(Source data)
____

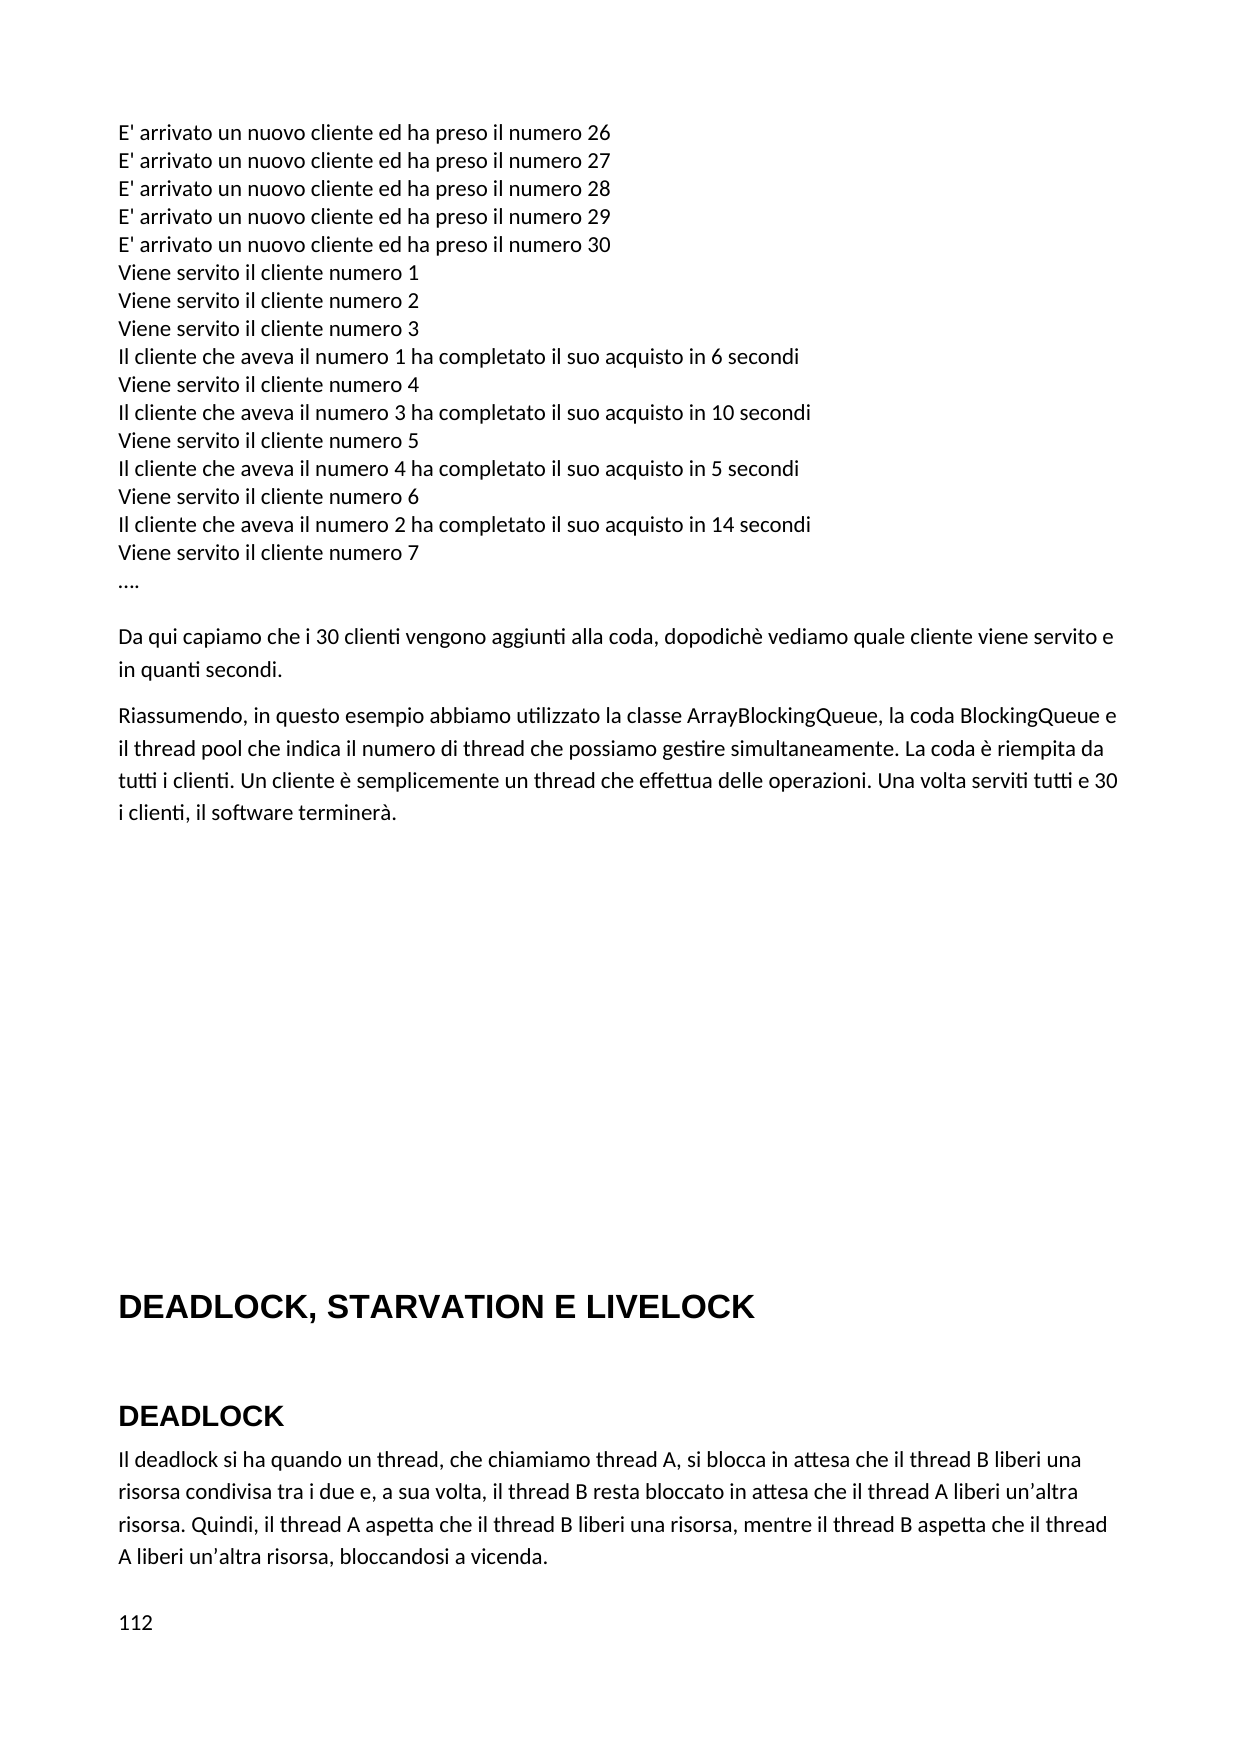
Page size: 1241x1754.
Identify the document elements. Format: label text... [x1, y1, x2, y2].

text Il cliente che aveva il numero 2 ha completato il suo acquisto in 14 secondi [118, 510, 1122, 538]
text Viene servito il cliente numero 7 [118, 538, 1122, 566]
subtitle DEADLOCK, STARVATION E LIVELOCK [118, 1287, 1122, 1325]
text Il cliente che aveva il numero 3 ha completato il suo acquisto in 10 secondi [118, 398, 1122, 426]
text Viene servito il cliente numero 4 [118, 370, 1122, 398]
text E' arrivato un nuovo cliente ed ha preso il numero 27 [118, 146, 1122, 174]
text Viene servito il cliente numero 6 [118, 482, 1122, 510]
text E' arrivato un nuovo cliente ed ha preso il numero 26 [118, 118, 1122, 146]
text Il cliente che aveva il numero 4 ha completato il suo acquisto in 5 secondi [118, 454, 1122, 482]
text E' arrivato un nuovo cliente ed ha preso il numero 28 [118, 174, 1122, 202]
text Riassumendo, in questo esempio abbiamo utilizzato la classe ArrayBlockingQueue, la coda BlockingQueue e il thread pool che indica il numero di thread che possiamo gestire simultaneamente. La coda è riempita da tutti i clienti. Un cliente è semplicemente un thread che effettua delle operazioni. Una volta serviti tutti e 30 i clienti, il software terminerà. [118, 701, 1122, 826]
text Il deadlock si ha quando un thread, che chiamiamo thread A, si blocca in attesa che il thread B liberi una risorsa condivisa tra i due e, a sua volta, il thread B resta bloccato in attesa che il thread A liberi un’altra risorsa. Quindi, il thread A aspetta che il thread B liberi una risorsa, mentre il thread B aspetta che il thread A liberi un’altra risorsa, bloccandosi a vicenda. [118, 1445, 1122, 1570]
text Viene servito il cliente numero 3 [118, 314, 1122, 342]
text Il cliente che aveva il numero 1 ha completato il suo acquisto in 6 secondi [118, 342, 1122, 370]
text E' arrivato un nuovo cliente ed ha preso il numero 30 [118, 230, 1122, 258]
subtitle DEADLOCK [118, 1399, 1122, 1433]
text Viene servito il cliente numero 1 [118, 258, 1122, 286]
text Da qui capiamo che i 30 clienti vengono aggiunti alla coda, dopodichè vediamo quale cliente viene servito e in quanti secondi. [118, 622, 1122, 683]
text Viene servito il cliente numero 5 [118, 426, 1122, 454]
text …. [118, 566, 1122, 594]
text Viene servito il cliente numero 2 [118, 286, 1122, 314]
text E' arrivato un nuovo cliente ed ha preso il numero 29 [118, 202, 1122, 230]

____

For each line in the records that contains the word "arrivato", make a copy.

> ANSWER SPACE:
text E' arrivato un nuovo cliente ed ha preso il numero 27 [118, 146, 1122, 174]
text E' arrivato un nuovo cliente ed ha preso il numero 26 [118, 118, 1122, 146]
text E' arrivato un nuovo cliente ed ha preso il numero 28 [118, 174, 1122, 202]
text E' arrivato un nuovo cliente ed ha preso il numero 30 [118, 230, 1122, 258]
text E' arrivato un nuovo cliente ed ha preso il numero 29 [118, 202, 1122, 230]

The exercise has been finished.